Kitty was banging away on her laptop. “Here we go,” she said. “Bill Spanner is a member at Congressional and Burning Tree. His handicap is listed as nineteen.”
“Never mind,” Will said.
Martin Stanton was on television in Los Angeles with a room full of high school students, answering their questions.
A skinny kid stood up and said, “I’m confused. Last week you were governor. How’d you get to be vice president?”
Marty bestowed a smile upon the boy. “The Constitution says that if a vice president dies in office, the president appoints his replacement, with the approval of the Senate, so when Vice President George Kiel died, President Lee appointed me to the remainder of Mr. Kiel’s term. That term expires next January, unless President Lee and I are reelected.”
The boy sat down, and a Hispanic girl stood up and asked a question about the Democratic health care plan that was so sophisticated that Stanton was barely able to answer it. He was impressed.
Another girl stood up. “Mr. Vice President, how is it that, with a name like Stanton, you are supposed to be Hispanic?”
Stanton smiled again, relieved to receive a softer pitch. “Because my mother is Hispanic. She’s a native of Mexico, and I spent a lot of time there as a child. My father was a soft-drink bottler in Tijuana. I’m proud to be thought of as Hispanic.”
Will finished speaking in Chicago and was driven in a motorcade back to the airplane. It always embarrassed him to drive down an empty street and see people stopped at every corner to let him pass.

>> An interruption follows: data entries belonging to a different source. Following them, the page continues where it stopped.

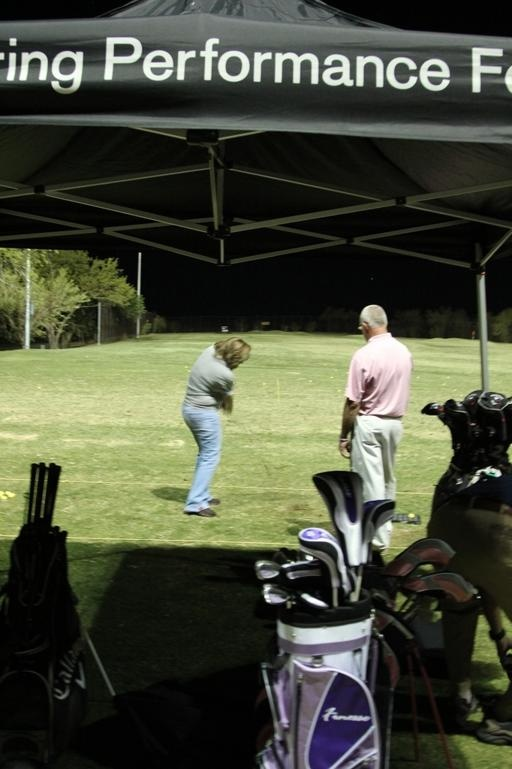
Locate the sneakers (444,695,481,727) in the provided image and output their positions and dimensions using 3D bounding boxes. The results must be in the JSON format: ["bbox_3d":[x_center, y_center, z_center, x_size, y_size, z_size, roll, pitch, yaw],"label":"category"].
[{"bbox_3d":[0.804,1.277,2.577,0.127,0.154,0.088,1,0,-4],"label":"sneakers"}]

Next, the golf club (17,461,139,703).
[{"bbox_3d":[-0.788,0.734,2.744,0.400,1.248,0.093,5,11,16],"label":"golf club"}]

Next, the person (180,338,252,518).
[{"bbox_3d":[-0.427,0.408,6.166,0.422,1.678,0.578,6,-4,-38],"label":"person"}]
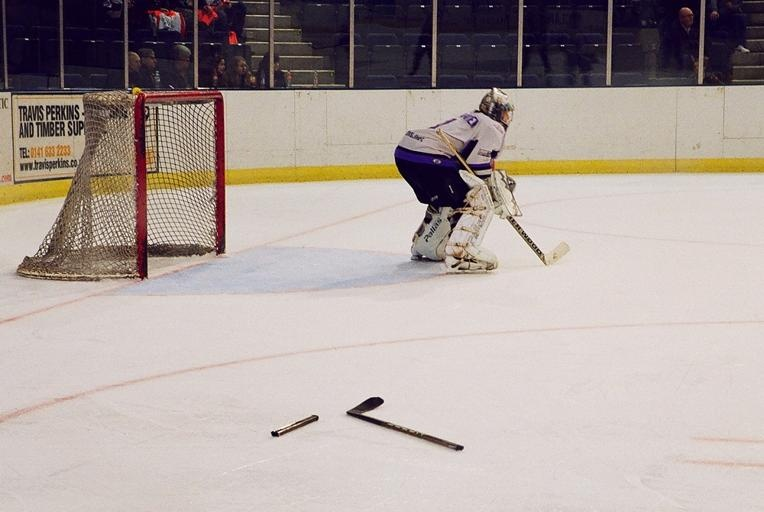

Back on the airplane he got Kitty and the head of his Secret Service detail together. “I’ve told you both about this before,” he said, “but nothing has changed. I’m still stopping traffic for miles around when I’m driven anywhere, and I want something done about it.”
“Mr. President,” the agent said, “we’re doing the minimum we have to to ensure your safety.”
“The minimum is an armored limousine, four Secret Service cars, half a dozen local police cars, and a platoon of motorcycle police?”
“The local cops want to participate in the motorcade, sir, and to tell the truth, I’m glad to have them clearing the way.”
Kitty spoke up. “He’s right, Mr. President. If we cut down the security and you were harmed it would be a stain on the Secret Service for decades.”
“All that security didn’t help Jack Kennedy,” Will said, “and it didn’t even help George Wallace.”
“A lone gunman in a high place is always a problem, Mr. President,” the agent said, “and the motorcade was traveling slowly, so that the crowds could get a good look at President and Mrs. Kennedy. Lee Oswald got a good look, too. That’s why we have to keep up the speed of the motorcade. George Wallace was shot because he didn’t follow the plan.”